Genetic code defects

The human body is made of about ten trillion cells (Nesse and Williams, 1994), (see also Human Ecology System, Section 5.5.3). Among all the actively dividing cells in the body, there are bound to be mistakes made in the genetic codes of some of them, and so there must be mechanisms to detect genetic mistakes and either (1) correct errors, or (2) destroy the cell with defective genes (apoptosis). If these cells are allowed to continue with defective genomes, they can become tumorous or cancerous. 

A genetic disease is the result of a defective enzyme caused by a mutation in its genetic code. For example, phenylketonuria (PKU) results when DNA cannot direct the synthesis of the enzyme phenylalanine hydroxylase, required for the conversion of phenylalanine to tyrosine. In an attempt to break down the phenylalanine, other enzymes in the cells convert it to phenylpyruvate. If phenylalanine and phenylpyruvate accumulate in the blood of an infant, it can lead to severe brain damage and mental retardation. If PKU is detected in a newborn baby, a diet is prescribed that eliminates all the foods that contain phenylalanine. Preventing the buildup of the phenylpyruvate ensures normal growth and development. 

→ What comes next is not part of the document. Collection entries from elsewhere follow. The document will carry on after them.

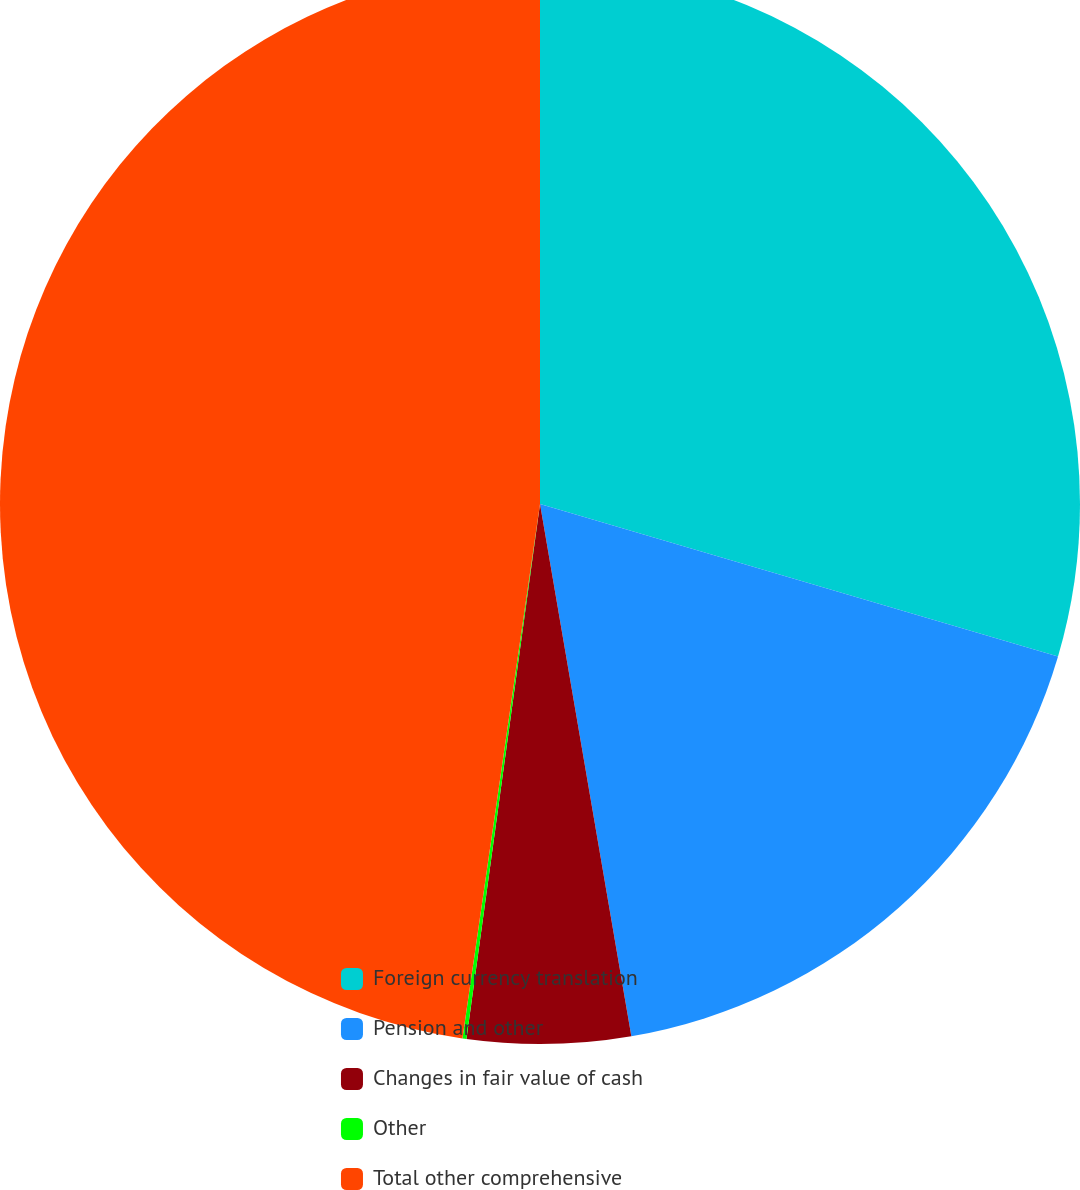<chart> <loc_0><loc_0><loc_500><loc_500><pie_chart><fcel>Foreign currency translation<fcel>Pension and other<fcel>Changes in fair value of cash<fcel>Other<fcel>Total other comprehensive<nl><fcel>29.56%<fcel>17.74%<fcel>4.88%<fcel>0.12%<fcel>47.71%<nl></chart> 
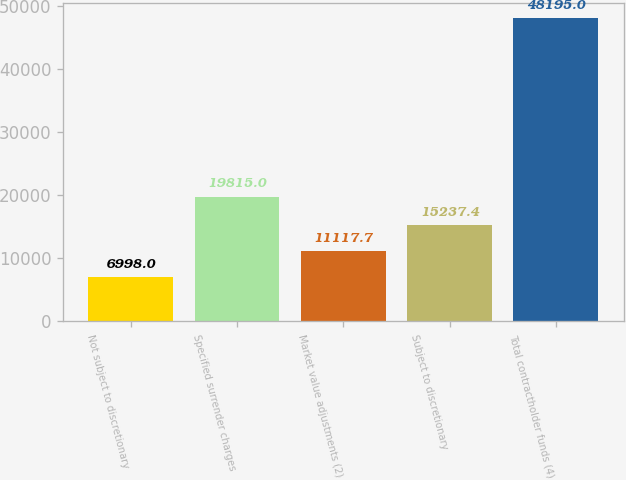<chart> <loc_0><loc_0><loc_500><loc_500><bar_chart><fcel>Not subject to discretionary<fcel>Specified surrender charges<fcel>Market value adjustments (2)<fcel>Subject to discretionary<fcel>Total contractholder funds (4)<nl><fcel>6998<fcel>19815<fcel>11117.7<fcel>15237.4<fcel>48195<nl></chart> 
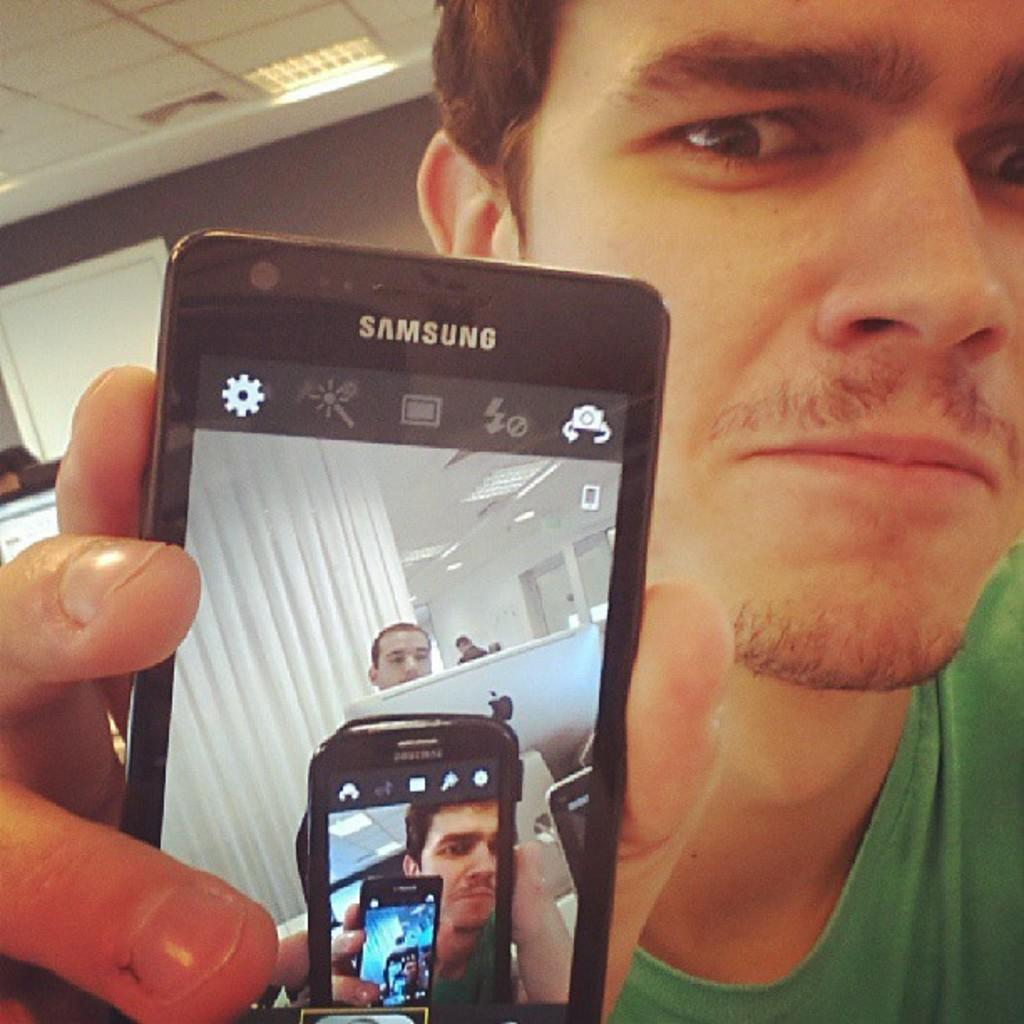<image>
Summarize the visual content of the image. Wearing a green shirt is a man holding a Samsung smart phone and showing a photo of a selfie.

Mitochondria are unique organelles in that they contain their own DNA (mtDNA), which, in addition to ribosomal RN A (rRNA) and transfer RN A (tRNA)-coding sequences, also encodes 13 polypeptides which are components of complexes I, III, IV, and V (Anderson et al., 1981). This fact has important implications for both the genetics and the etiology of the respiratory chain disorders. Since mtDNA is maternally-inherited, a defect of a respiratory complex due to a mtDNA deletion would be expected to show a pattern of maternal transmission. However the situation is complicated by the fact that the majority of the polypeptide subunits of complexes I, III, IV, and V, and all subunits of complex II, are encoded by nuclear DNA. A defect in a nuclear-coded subunit of one of the respiratory complexes would be expected to show classic Mendelian inheritance. A further complication exists in that it is now established that some respiratory chain disorders result from defects of communication between nuclear and mitochondrial genomes (Zeviani et al., 1989). Since many mitochondrial proteins are synthesized in the cytosol and require a sophisticated system of posttranslational processing for transport and assembly, it is apparent that a diversity of genetic errors is to be expected. 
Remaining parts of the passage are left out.